As well as a music lover, Tosca’s father was, in all: inventor, fascist, herbalist, businessman, Commendatore , Mason and a violent man. He was also a frustrated artist, says Tosca, rolling her ‘r’s, dramatising the word. An arrrtist. For him, listening to one of his records was a ceremony. He did it in a room at the back of the house in Flores, which they bought when they arrived in the country. An enormous house, stretching from one street to the next, never-ending. He would shut himself away, naked, or covered in a sheet, Roman-style, and spend hours with the volume up. Occasionally with a friend or relative, but almost always alone.

Mussolini was a superman, Tosca tells me her father used to say to her. Almost a Garibaldi. Poom. Ahead of his time, a martyr, a genius who kept bad company. And she searches in the drawer for a portrait she always keeps there of her father, just graduated from military school on the day the Duce visited. She says: Il Duce. She can’t find it. The drawer falls out, Tosca swears. Mixed in with the photos I’m picking up from the floor there are crumbs, rings, coins, sulphate batteries, a Cantonese restaurant menu, a lottery ticket and various knobs of used denture adhesive.

Instead of Mussolini, her father appears next to an Argentinian president to whom he was advisor. She can’t remember his name, I don’t recognise him either. Something to do with foreign trade, exporting grains. Two bald men, pale and heavy browed, in evening dress, white suit, black bow tie and with decorations pinned to their chests. Tosca becomes enthusiastic and shows me more photos, hurrying through some, lingering on others, and I’m curious to see what’s coming next. Most are of her father: boarding the corvette Esperanza , at the foot of a warplane, at a community dinner, at the wheel of a racing car, eating an ice cream in Plaza Flores. She makes no comment about the women; I’m left to wonder whether one of them could be her mother, she doesn’t even mention her. Next to a teenage Tosca, already fat, poses her sister Violeta, identical but slim, both dressed for a party in a park lit up at night. Did I tell you about Violeta, she asks and I nod, although she reminds me of the doctors and the metastasis anyway. Poor thing. The hair was the least of her troubles, she looked great in the wig, more beautiful than ever. She looked like an actress.

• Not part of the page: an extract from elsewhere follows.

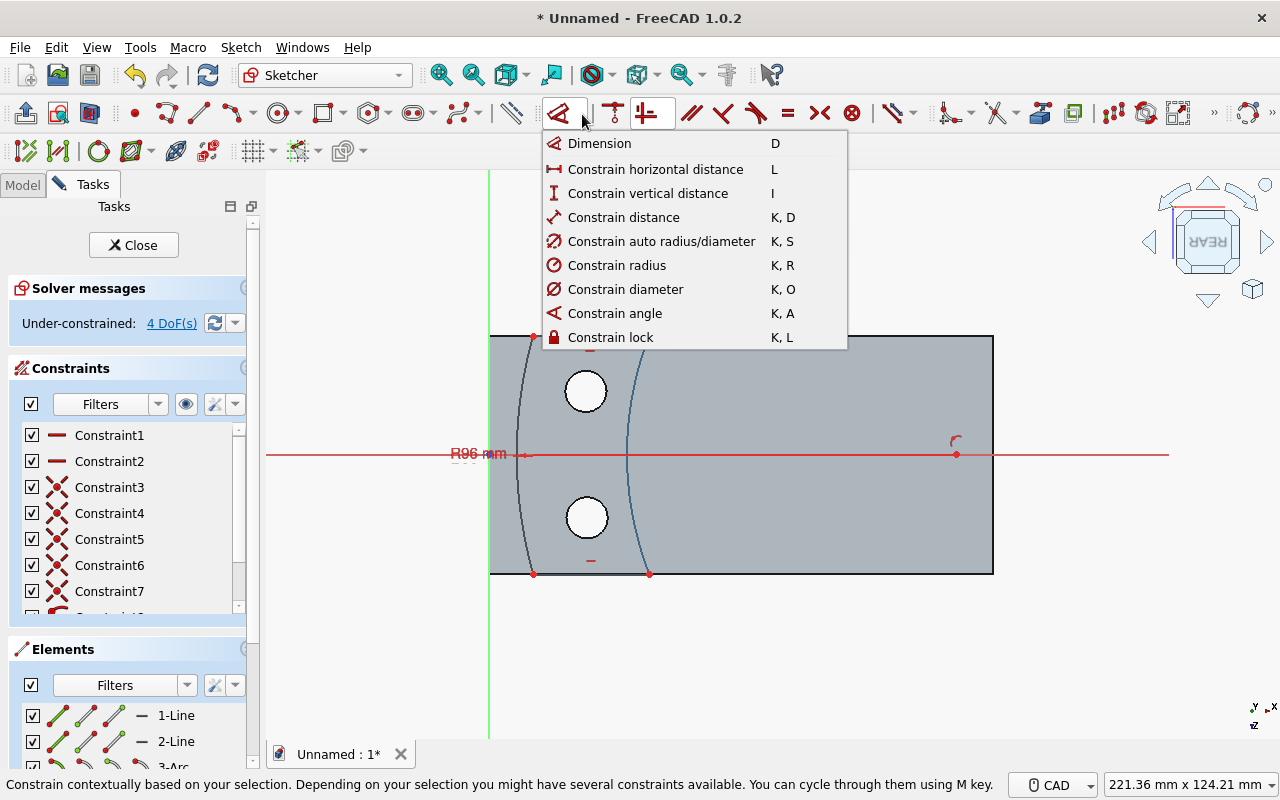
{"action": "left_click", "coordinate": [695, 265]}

There are photos of Benito as a boy, the exaggerated head announcing his deformity. In an amusement park, hugging a ball, on the beach buried in the sand, sepia photos, colour prints, Polaroids. She never tells me anything about her life, whether she married or not, about Benito’s father, and I don’t dare ask. I sense something difficult, tragic, and if not tragic then sad at least. Among the photographs there’s a little picture card of the Virgin of Syracuse, a miniature replica of the poster hanging above the headboard of the bed. She tells me again about the tears, the miracle, the woman who became blind before giving birth, I don’t interrupt her or mention that she’s already told me.